La même sorte de problème se présente aujourd’hui en ce qui concerne les traditions des hommes et les commandements de Dieu. Nous savons, par exemple, que Jésus et ses apôtres ont enseigné la nécessité du baptême. Jésus a dit avant de retourner au Ciel : « Allez, faites de toutes les nations mes disciples, les baptisant au nom du Père, du Fils et du Saint-Esprit » (Matthieu 28.19). Ou encore : « Allez par tout le monde, et prêchez la bonne nouvelle à toute la création. Celui qui croira et qui sera baptisé sera sauvé » (Marc 16.15,16). Mais aucun passage biblique n’enseigne que seuls certains chrétiens ont le droit de baptiser ceux qui ont cru. L’accent est mis sur la foi et la repentance de la personne qui reçoit le baptême. Rien n’est dit au sujet des qualifications de la personne qui plonge le nouveau disciple dans l’eau du baptême. Pourtant, la majorité des Églises Catholiques, Orthodoxes et Protestantes exigent que le baptême soit administré uniquement par un prêtre ou un pasteur reconnu.
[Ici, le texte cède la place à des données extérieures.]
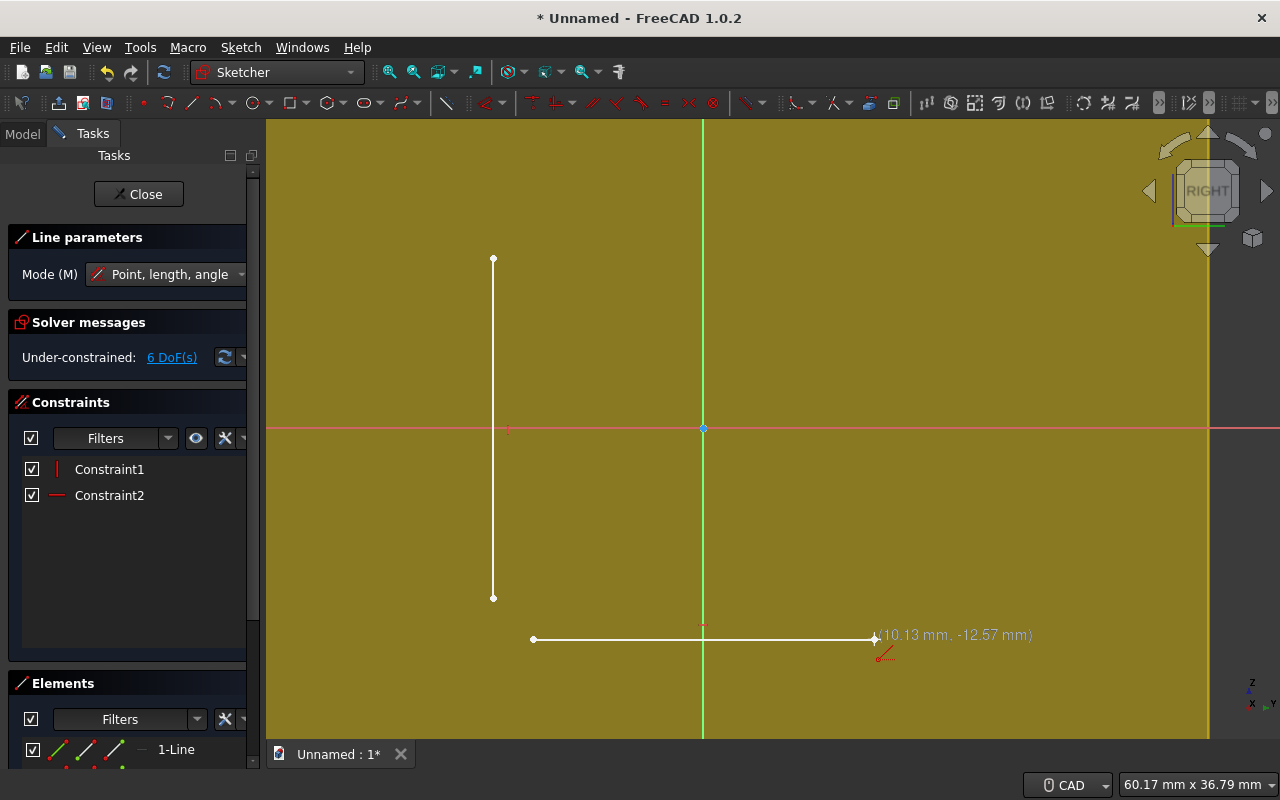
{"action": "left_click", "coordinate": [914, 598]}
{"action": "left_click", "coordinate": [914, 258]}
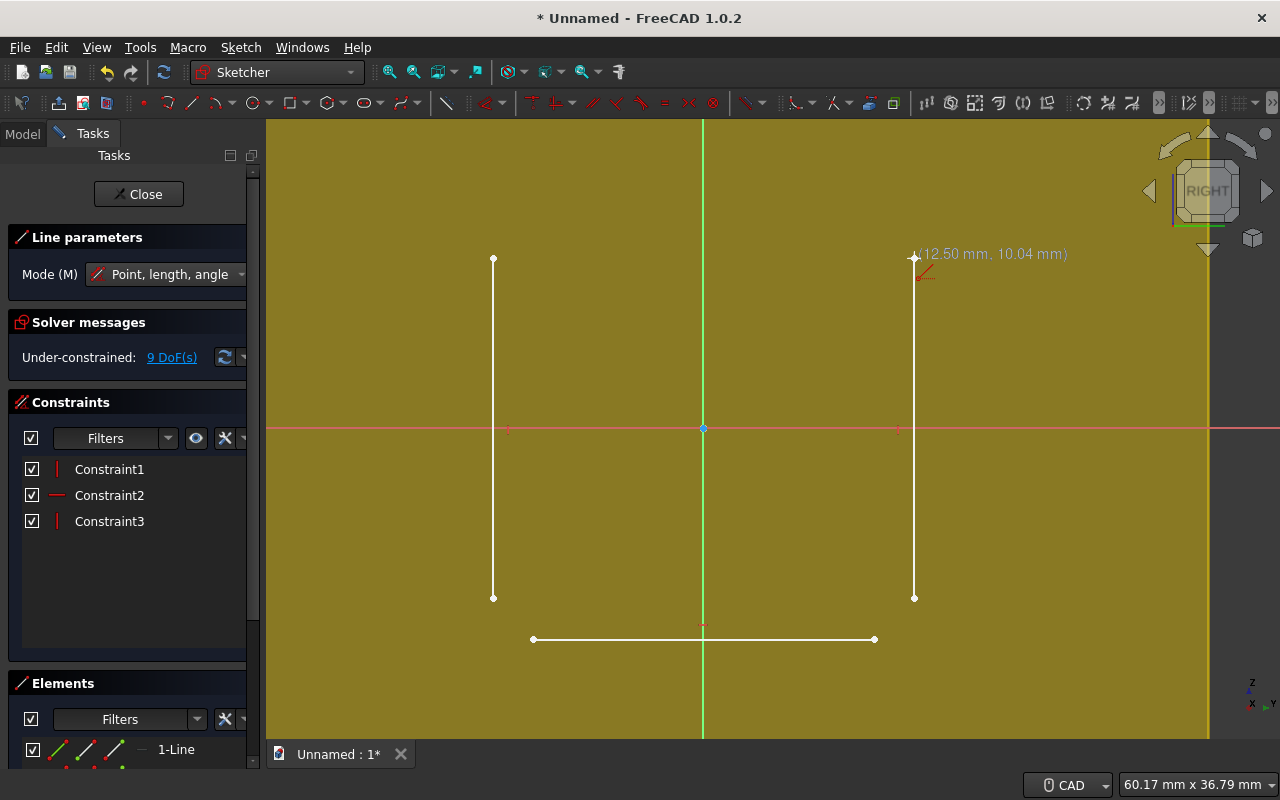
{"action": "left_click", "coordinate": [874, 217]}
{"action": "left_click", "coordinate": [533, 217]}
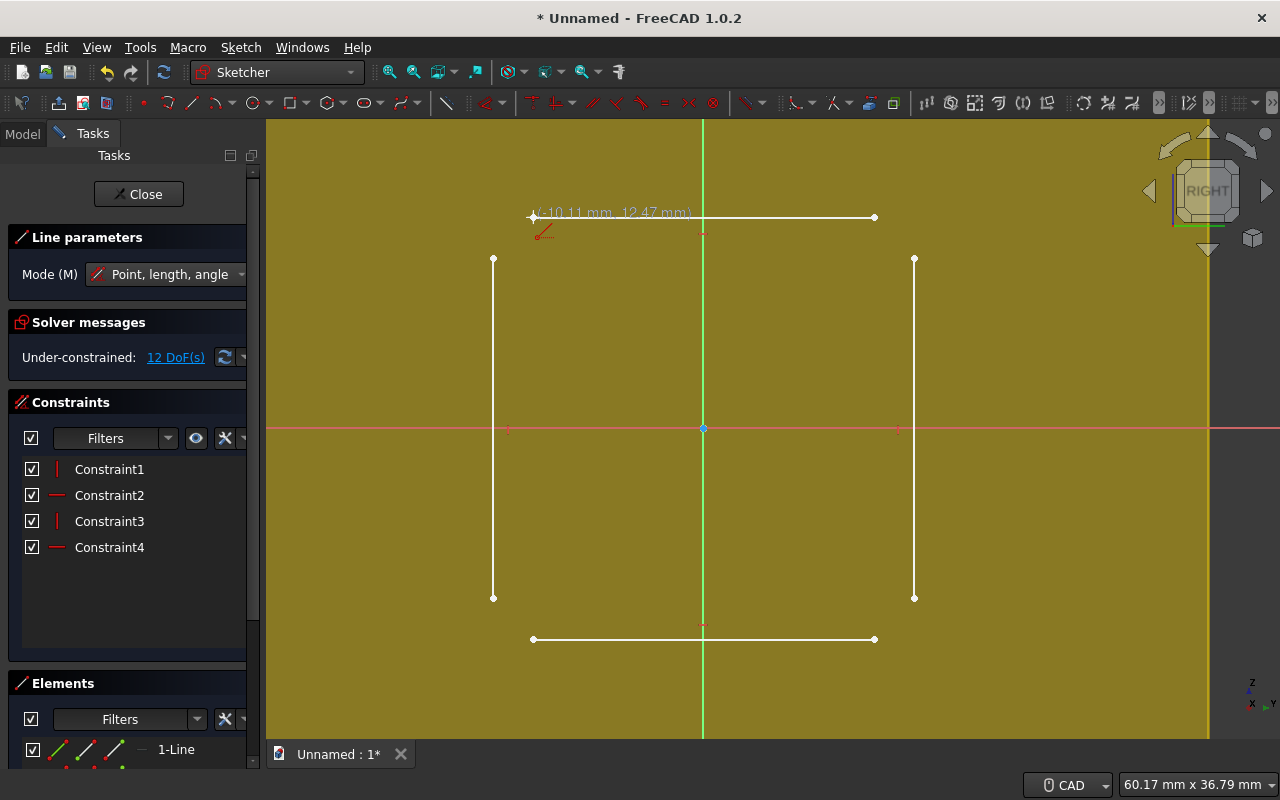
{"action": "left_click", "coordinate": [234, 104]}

J’ai connu des Églises Protestantes où des personnes dans des villages jouaient un rôle actif dans l’Église depuis dix ans, mais elles n’avaient pas reçu le baptême tout simplement parce que le pasteur « titulaire » n’était pas venu organiser des cours et baptiser les nouvelles personnes. La parole de Dieu dit clairement que les hommes doivent se faire baptiser, mais afin de respecter un commandement d’hommes, une tradition d’Église, on ne les baptise pas. Les hommes annulent ainsi le commandement de Dieu.
Conclusion
Il est beaucoup plus facile, n’est-ce pas, de suivre la multitude, de se conformer simplement aux traditions sans chercher à savoir si elles sont bonnes ou pas, si elles sont selon la volonté de Dieu ou pas. Mais Jésus a dit : « C’est en vain qu’ils m’honorent, en donnant des préceptes qui sont des commandements d’hommes. » Soyez donc des serviteurs de Dieu et non pas des esclaves de la tradition des hommes. Faites la part des choses, et obéissez à ce que Dieu a réellement ordonné aux hommes de faire.